Tuesday's meeting at Cross.

Another parent who attended Tuesday’s forum, former Annex alder candidate Camille Ansley, said she believes NHPS is creating its own problems by taking away small classes. This in turn, she believes, will burn out educators and ultimately could create more vacancies by causing teachers to leave if overburdened. 

Negrón responded that upon her arrival last summer, she spent her first months touring the district’s buildings to learn about each schools needs. One key issue she learned about affecting several schools was the uneven distribution of educators and class sizes amongst schools. 

She said, for example, while one school had three small fourth grade classrooms each with certified teachers, another school had not one certified fourth grade teacher. This resulted in her beginning a right-sizing process” that aims to prioritize equipping schools with their necessary educators rather than creating smaller classrooms that take up more staff in one place. 

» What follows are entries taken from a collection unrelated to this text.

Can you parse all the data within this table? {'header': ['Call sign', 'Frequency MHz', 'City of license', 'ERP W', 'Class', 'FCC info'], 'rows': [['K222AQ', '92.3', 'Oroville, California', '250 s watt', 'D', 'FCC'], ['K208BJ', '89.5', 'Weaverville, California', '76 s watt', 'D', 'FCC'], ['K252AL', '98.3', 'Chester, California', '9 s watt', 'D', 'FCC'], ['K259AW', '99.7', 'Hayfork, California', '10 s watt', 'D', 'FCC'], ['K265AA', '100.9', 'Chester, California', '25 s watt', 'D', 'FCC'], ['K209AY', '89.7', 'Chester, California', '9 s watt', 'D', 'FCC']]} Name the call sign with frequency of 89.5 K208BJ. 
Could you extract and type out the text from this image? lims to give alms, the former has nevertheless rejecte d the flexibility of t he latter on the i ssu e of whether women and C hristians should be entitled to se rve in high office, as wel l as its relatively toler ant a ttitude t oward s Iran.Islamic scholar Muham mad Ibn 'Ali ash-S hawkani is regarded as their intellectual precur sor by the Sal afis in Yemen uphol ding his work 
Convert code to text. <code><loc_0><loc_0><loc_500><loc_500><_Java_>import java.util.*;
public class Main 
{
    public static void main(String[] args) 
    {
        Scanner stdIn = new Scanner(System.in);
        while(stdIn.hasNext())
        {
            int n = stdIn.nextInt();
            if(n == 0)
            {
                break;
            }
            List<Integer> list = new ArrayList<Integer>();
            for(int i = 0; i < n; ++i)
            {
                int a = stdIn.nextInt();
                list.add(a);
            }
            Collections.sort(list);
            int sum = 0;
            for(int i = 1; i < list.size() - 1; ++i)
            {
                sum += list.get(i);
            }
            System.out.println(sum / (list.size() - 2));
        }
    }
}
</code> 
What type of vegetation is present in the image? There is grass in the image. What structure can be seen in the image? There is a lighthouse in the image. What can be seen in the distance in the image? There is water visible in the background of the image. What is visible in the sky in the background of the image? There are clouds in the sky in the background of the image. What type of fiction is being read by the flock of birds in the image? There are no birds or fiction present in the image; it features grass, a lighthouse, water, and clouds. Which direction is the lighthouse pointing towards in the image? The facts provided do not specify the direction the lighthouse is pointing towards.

Negrón said that while she would like to have small classes throughout the district, the issue becomes that small classrooms create a need for more certified teachers during a national teacher shortage.

The reality is the funding that we would need for that we don’t even have to keep the lights on,” she said. 

Negron added that the district is working on alternative solutions to the shortage like its recent investment with ESSER dollars of paying the tuitions for 66 paraprofessionals to go to Southern Connecticut State University to get certified in teaching. 

I’ve been looking at everything,” she said. 

She told the community that she has gone from school to school and department to department asking questions about job descriptions and staff evaluations with the goal of maximizing our resources.” After the right sizing process, Negrón said, she will next examine ways to save money by cutting bus routes. 

One attendee suggested NHPS consolidate its schools. Ramos said she would support that idea to allow for small schools to be bridged together to maximize dollars. 

Negrón said she does not plan to close any schools this coming school year but if we get there, I will be sure to talk with the community first.”